**Aim of the exercise:** If a line in the data holds the string "each", list it.

**Entries shown:**
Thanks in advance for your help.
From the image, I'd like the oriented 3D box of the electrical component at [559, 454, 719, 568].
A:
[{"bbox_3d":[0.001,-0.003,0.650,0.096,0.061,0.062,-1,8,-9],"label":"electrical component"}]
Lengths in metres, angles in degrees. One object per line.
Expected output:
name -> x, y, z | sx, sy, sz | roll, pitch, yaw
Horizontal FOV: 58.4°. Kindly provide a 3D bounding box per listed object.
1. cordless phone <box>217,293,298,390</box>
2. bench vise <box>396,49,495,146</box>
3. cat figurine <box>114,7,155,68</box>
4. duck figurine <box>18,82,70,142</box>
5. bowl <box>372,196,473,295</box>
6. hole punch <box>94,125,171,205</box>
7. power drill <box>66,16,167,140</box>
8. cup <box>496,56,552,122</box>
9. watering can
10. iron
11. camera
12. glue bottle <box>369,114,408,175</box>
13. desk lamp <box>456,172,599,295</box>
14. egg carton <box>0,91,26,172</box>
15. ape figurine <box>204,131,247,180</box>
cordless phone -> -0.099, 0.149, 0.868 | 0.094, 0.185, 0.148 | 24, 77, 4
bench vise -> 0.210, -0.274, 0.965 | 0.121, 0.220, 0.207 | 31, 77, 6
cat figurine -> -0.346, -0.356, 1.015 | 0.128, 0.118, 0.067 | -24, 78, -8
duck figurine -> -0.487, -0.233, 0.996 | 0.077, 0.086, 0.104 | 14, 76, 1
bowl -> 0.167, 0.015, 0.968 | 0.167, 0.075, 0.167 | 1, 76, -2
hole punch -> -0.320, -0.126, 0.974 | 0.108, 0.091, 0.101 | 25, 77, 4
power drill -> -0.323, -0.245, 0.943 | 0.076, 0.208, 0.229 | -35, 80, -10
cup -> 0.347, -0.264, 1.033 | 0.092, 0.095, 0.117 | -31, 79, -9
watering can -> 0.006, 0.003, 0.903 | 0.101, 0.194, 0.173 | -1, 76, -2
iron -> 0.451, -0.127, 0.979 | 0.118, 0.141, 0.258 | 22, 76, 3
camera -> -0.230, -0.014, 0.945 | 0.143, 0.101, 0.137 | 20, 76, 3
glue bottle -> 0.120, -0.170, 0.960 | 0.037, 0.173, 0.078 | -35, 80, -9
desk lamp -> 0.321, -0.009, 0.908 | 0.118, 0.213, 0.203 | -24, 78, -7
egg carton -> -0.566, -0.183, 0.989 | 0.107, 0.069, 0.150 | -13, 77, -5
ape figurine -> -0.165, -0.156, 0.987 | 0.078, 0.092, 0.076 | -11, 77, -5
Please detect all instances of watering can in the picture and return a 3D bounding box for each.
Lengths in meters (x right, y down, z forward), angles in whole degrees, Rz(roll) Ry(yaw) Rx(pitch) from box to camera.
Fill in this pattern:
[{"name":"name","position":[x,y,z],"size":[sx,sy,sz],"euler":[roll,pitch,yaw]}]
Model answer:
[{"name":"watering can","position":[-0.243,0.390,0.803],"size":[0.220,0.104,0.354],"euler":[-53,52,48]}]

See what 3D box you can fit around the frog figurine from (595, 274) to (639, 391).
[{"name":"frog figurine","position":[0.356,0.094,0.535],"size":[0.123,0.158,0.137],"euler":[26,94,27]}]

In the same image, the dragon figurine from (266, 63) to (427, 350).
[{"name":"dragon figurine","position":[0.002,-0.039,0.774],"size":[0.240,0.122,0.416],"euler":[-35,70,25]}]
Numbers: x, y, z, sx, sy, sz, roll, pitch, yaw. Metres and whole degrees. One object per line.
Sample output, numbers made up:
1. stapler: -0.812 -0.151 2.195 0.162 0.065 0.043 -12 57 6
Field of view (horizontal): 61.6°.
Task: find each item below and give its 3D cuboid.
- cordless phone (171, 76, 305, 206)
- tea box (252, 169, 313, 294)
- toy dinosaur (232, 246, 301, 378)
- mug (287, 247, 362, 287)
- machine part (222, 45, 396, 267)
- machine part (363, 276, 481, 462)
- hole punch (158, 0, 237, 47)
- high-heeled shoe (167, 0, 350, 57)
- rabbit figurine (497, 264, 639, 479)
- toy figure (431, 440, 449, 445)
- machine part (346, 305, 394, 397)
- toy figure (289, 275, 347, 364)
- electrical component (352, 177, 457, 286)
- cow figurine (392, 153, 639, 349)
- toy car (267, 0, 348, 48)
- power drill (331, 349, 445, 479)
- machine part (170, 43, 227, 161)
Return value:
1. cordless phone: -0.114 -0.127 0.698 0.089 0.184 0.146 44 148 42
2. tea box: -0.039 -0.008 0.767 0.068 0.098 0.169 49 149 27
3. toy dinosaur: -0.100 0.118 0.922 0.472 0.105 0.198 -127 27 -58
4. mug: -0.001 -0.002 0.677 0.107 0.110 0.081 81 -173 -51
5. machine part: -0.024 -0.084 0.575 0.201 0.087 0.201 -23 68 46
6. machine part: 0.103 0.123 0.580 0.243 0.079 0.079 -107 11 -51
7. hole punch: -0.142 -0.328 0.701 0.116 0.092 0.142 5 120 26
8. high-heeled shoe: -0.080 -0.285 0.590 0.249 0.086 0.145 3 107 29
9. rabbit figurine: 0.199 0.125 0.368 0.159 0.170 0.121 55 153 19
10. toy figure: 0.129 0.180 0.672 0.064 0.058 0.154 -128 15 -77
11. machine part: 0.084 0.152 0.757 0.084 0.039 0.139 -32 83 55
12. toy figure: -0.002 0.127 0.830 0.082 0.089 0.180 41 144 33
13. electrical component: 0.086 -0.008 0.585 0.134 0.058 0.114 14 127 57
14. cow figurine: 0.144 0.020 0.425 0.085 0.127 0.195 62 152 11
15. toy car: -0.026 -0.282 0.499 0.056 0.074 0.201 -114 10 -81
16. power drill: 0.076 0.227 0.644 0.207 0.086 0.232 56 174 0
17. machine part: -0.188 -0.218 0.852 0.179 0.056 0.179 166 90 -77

**Your response:**
Please detect all instances of watering can in the picture and return a 3D bounding box for each.
Task: find each item below and give its 3D cuboid.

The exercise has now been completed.